The next day I couldn't wait to get to health class, which was a first for me, actually looking forward to that snoozefest. Ashley was back of course, taking notes as best she could with her left hand. Luckily second semester doesn't matter so much, not for seniors. The two of us had talked, finally, about Madison, and just like it usually happens with awkward conversations, it turned out to be not so bad. Kari had been right that Ashley was psyched for me, and also psyched that she'd just gotten into UW–Oshkosh, with a real sweet financial aid package too, and now had big plans to work her butt off at Oshkosh for a year and then transfer. So really—she explained to me—it was better this way, because she could still go to Madison but save a bunch of money in the meantime.

"Are you going to play?" I'd asked. I was serious, but Ashley just laughed.

"They're really good! Oshkosh is D-III, yeah, but they're still really good." She thought about it. "Although, you know, it really was fun, being part of a team."

"You could be a manager," I pointed out. "A student manager. They're really important, helping out with practices and stuff. And tracking stats too, I bet."

Ashley's head came up. "Statistics?" she asked.
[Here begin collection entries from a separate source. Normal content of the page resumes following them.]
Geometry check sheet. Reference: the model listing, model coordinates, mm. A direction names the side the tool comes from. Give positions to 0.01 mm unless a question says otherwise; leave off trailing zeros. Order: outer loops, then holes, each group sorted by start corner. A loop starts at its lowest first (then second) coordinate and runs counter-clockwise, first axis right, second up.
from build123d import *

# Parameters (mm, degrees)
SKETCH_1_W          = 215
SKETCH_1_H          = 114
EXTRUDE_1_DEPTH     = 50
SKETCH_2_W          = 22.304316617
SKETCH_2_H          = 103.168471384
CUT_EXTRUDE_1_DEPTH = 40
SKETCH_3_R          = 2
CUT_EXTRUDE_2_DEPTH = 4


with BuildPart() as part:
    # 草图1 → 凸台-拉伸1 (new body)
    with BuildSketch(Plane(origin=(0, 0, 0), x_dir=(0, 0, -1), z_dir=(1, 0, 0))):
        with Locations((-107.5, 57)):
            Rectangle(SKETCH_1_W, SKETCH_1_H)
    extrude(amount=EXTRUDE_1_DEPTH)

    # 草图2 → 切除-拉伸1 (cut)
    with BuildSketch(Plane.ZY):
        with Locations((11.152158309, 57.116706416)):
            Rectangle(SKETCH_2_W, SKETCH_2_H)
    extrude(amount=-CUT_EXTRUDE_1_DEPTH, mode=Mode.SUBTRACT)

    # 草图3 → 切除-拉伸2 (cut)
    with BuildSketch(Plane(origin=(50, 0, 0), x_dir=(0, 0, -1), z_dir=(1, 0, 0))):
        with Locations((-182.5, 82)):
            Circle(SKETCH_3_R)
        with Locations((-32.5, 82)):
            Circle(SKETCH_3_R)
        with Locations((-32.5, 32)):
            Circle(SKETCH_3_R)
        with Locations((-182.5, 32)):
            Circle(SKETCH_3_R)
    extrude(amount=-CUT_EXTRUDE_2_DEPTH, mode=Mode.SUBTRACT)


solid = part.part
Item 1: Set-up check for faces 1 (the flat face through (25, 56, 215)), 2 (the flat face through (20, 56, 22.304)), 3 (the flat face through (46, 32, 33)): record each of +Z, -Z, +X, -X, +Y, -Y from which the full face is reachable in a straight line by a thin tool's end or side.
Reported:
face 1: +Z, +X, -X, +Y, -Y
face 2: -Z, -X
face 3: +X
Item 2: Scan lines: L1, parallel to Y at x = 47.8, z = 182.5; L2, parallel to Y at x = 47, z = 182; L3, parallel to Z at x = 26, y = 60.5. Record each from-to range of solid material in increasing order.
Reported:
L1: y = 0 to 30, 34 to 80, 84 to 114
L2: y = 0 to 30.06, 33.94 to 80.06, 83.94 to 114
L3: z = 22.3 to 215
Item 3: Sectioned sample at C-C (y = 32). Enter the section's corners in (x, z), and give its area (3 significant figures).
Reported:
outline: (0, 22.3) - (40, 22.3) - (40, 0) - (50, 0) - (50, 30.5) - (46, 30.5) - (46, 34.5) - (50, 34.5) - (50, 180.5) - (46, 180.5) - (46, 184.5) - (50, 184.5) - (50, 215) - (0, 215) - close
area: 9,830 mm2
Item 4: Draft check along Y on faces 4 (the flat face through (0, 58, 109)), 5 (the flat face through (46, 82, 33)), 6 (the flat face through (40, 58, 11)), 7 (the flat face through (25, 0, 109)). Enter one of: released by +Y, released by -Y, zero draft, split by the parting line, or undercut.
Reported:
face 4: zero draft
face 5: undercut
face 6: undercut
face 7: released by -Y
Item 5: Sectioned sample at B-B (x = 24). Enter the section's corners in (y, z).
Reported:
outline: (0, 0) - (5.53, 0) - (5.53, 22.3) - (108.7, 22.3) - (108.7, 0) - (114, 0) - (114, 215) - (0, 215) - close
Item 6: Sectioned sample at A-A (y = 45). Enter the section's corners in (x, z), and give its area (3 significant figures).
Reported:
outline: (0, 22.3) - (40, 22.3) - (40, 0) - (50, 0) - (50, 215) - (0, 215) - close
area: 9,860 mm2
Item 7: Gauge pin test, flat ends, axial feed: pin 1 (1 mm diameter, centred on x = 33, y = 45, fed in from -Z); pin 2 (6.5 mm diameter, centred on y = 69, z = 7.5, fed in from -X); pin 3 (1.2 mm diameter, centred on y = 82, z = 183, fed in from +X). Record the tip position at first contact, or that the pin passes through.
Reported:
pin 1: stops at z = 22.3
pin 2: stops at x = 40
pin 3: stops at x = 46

Her eyes got wide. "You mean like ... math?"

Anyway, the day after my Mall of America/Big Talk with Bill trip, I was back in school same as always, and same as always I plunked down next to her and asked how she was, and same as always she said okay.

"Great. Hey, listen. Remember winter break when you were talking, you know, about how I should pretend I was someone else?"

Ashley nodded. "That
Psychology Today
article."

"Yeah, that ... Anyway, um, what were you talking about?"

Ashley lit up, totally psyched to put her enormously-large-even-if-Madison-doesn't-want-it brain to work. "You know how you tell Kari what to do during games?"

I nodded, surprised she'd noticed. Maybe Ashley had more hoops sense than I'd thought.

"So you know what you
should
say, right?"

I shrugged. "Yeah, sometimes."

"So what if instead of telling Kari, you just pretended you were her? Not
Kari
necessarily, but someone like her? And you just spoke out loud while pretending to be that person?"